Let n be any positive integer.

Show that n has a multiple that contains only 0's and 1's (in base 10).

Let R(u, v) be the remainder when u is divided by v, with R(u,v) between 0 and v-1 inclusive.

Let's consider the set of values T(k) = R(10^{k}, n) for k = 0, 1, 2, ...
Each of these values is between 0 and m-1 inclusive.
If any of them is 0, for some value of k, then n divides evenly into 10^{k}
and that's the multiple we're looking for.
This will happen if the only prime factors of n are 2 and 5, i.e. n = 2^{a}.5^{b},
and the multiple is 10^{max(a,b)}.

Otherwise, we have an infinite sequence of values between 1 and n-1
inclusive.
At least one of these values must be repeated infinitely often (otherwise,
there'd only be a finite number of them!).
Let z be one such value, and let r_{1}, r_{2}, ...
be the values of k where T(k) = z.

We claim that n divides evenly into
N = 10^{r1} + 10^{r2} + ... + 10^{rn}.
Consider the remainders when that number is divided by n.
Each term leaves a remainder of z when divided by n, and so the sum
leaves a remainder of nz, which itself is divisible by n.
So N is a multiple of n which contains only 1's and 0's, and we're done.

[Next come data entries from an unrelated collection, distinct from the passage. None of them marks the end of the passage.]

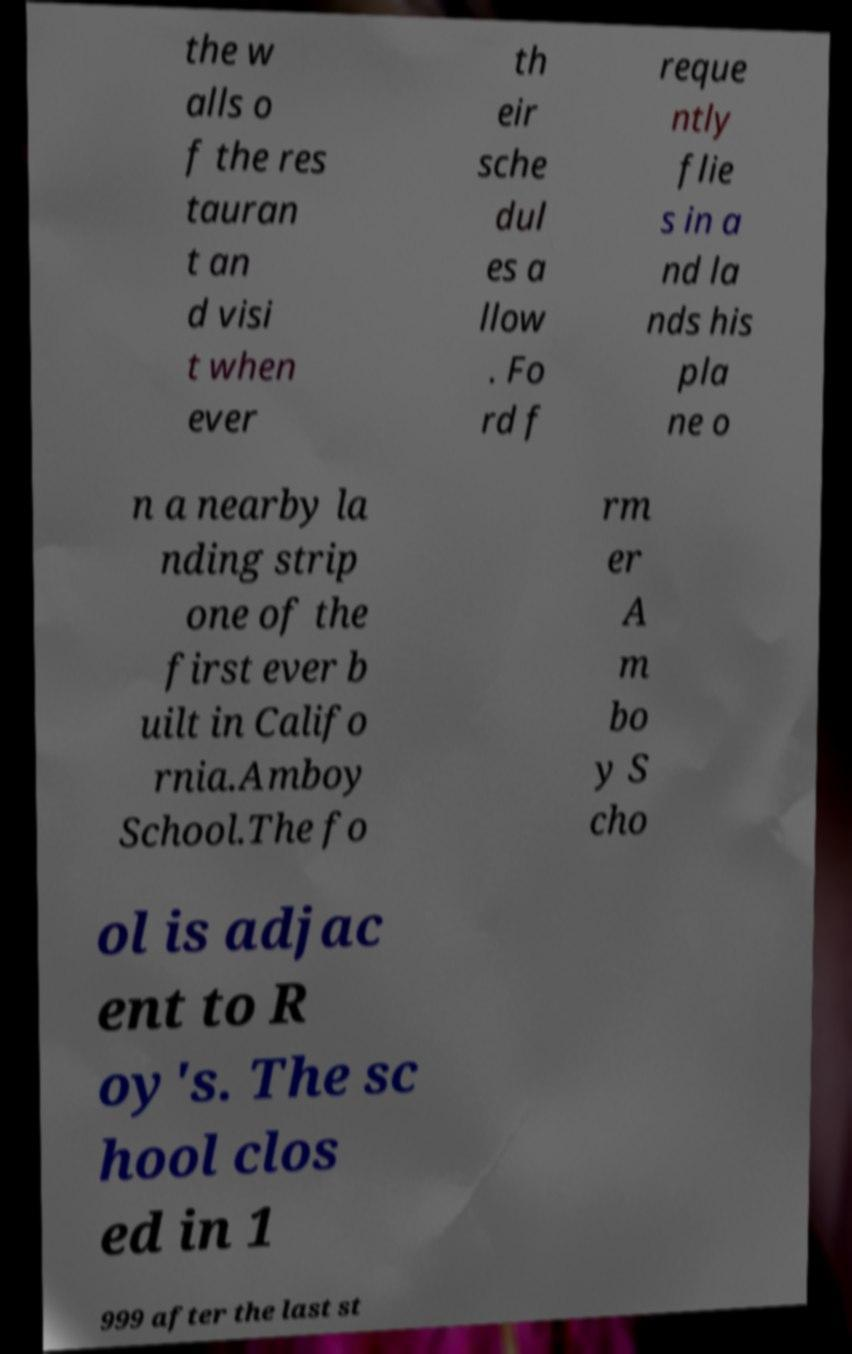I need the written content from this picture converted into text. Can you do that? the w alls o f the res tauran t an d visi t when ever th eir sche dul es a llow . Fo rd f reque ntly flie s in a nd la nds his pla ne o n a nearby la nding strip one of the first ever b uilt in Califo rnia.Amboy School.The fo rm er A m bo y S cho ol is adjac ent to R oy's. The sc hool clos ed in 1 999 after the last st 
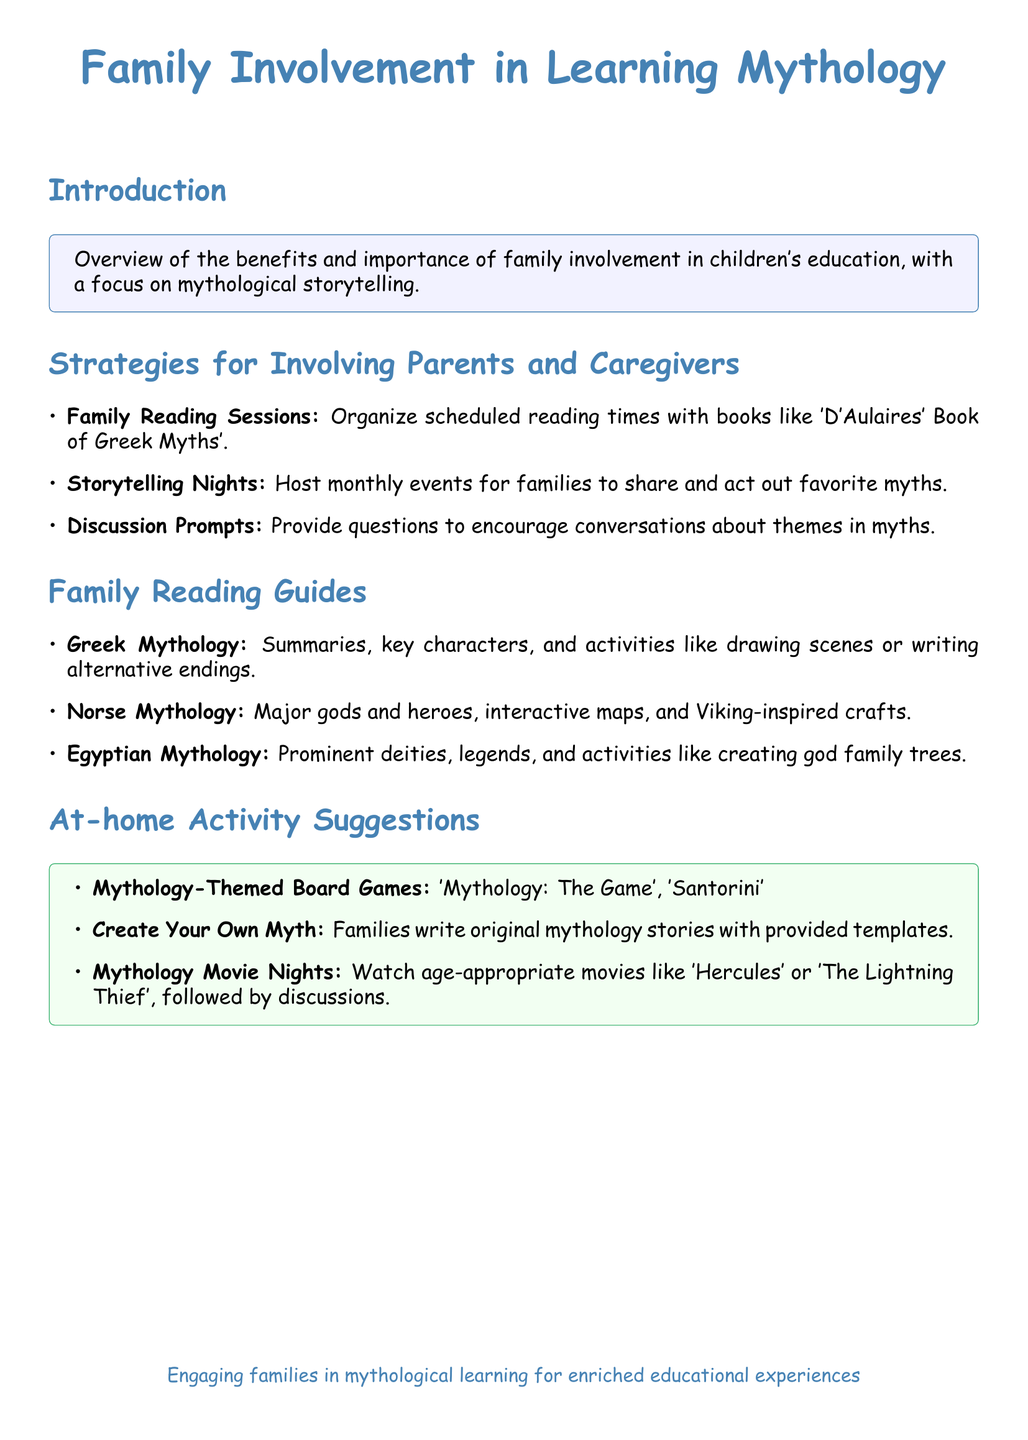What is the title of the document? The title is prominently displayed at the top of the document and is "Family Involvement in Learning Mythology."
Answer: Family Involvement in Learning Mythology What is one activity suggested for family involvement? The document lists multiple activities, one of which is "Host monthly events for families to share and act out favorite myths."
Answer: Host monthly events for families to share and act out favorite myths Which mythology includes creating god family trees as an activity? The document specifies activities under "Egyptian Mythology," which includes creating god family trees.
Answer: Egyptian Mythology What type of games are suggested for at-home activities? The document suggests playing "Mythology-Themed Board Games."
Answer: Mythology-Themed Board Games How many types of mythology are mentioned in the Family Reading Guides section? The Family Reading Guides mention three types of mythology: Greek, Norse, and Egyptian.
Answer: Three What color is used for the title of the document? The title uses the color defined as 'mythblue.'
Answer: mythblue What is the purpose of Discussion Prompts mentioned in the Strategies section? The purpose of Discussion Prompts is to encourage conversations about themes in myths.
Answer: Encourage conversations about themes in myths

As an example, consider n = 14. The T(k) sequence is: 1, 10, 2, 6, 4, 12, 8, 10, 2, 6, 4, 12, 8, 10, ... so we can choose the subsequence of terms having value 10, with indexes 1, 7, 13, ... Taking the first 14 indexes, using them as exponents of 10 and adding the results produces the value N = 10000010000010000010000010000010000010000010000010000010000010000010000010000010. And N is indeed a multiple of 14: N = 14.714286428572142857857143571429285715000000714286428572142857857143571429285715.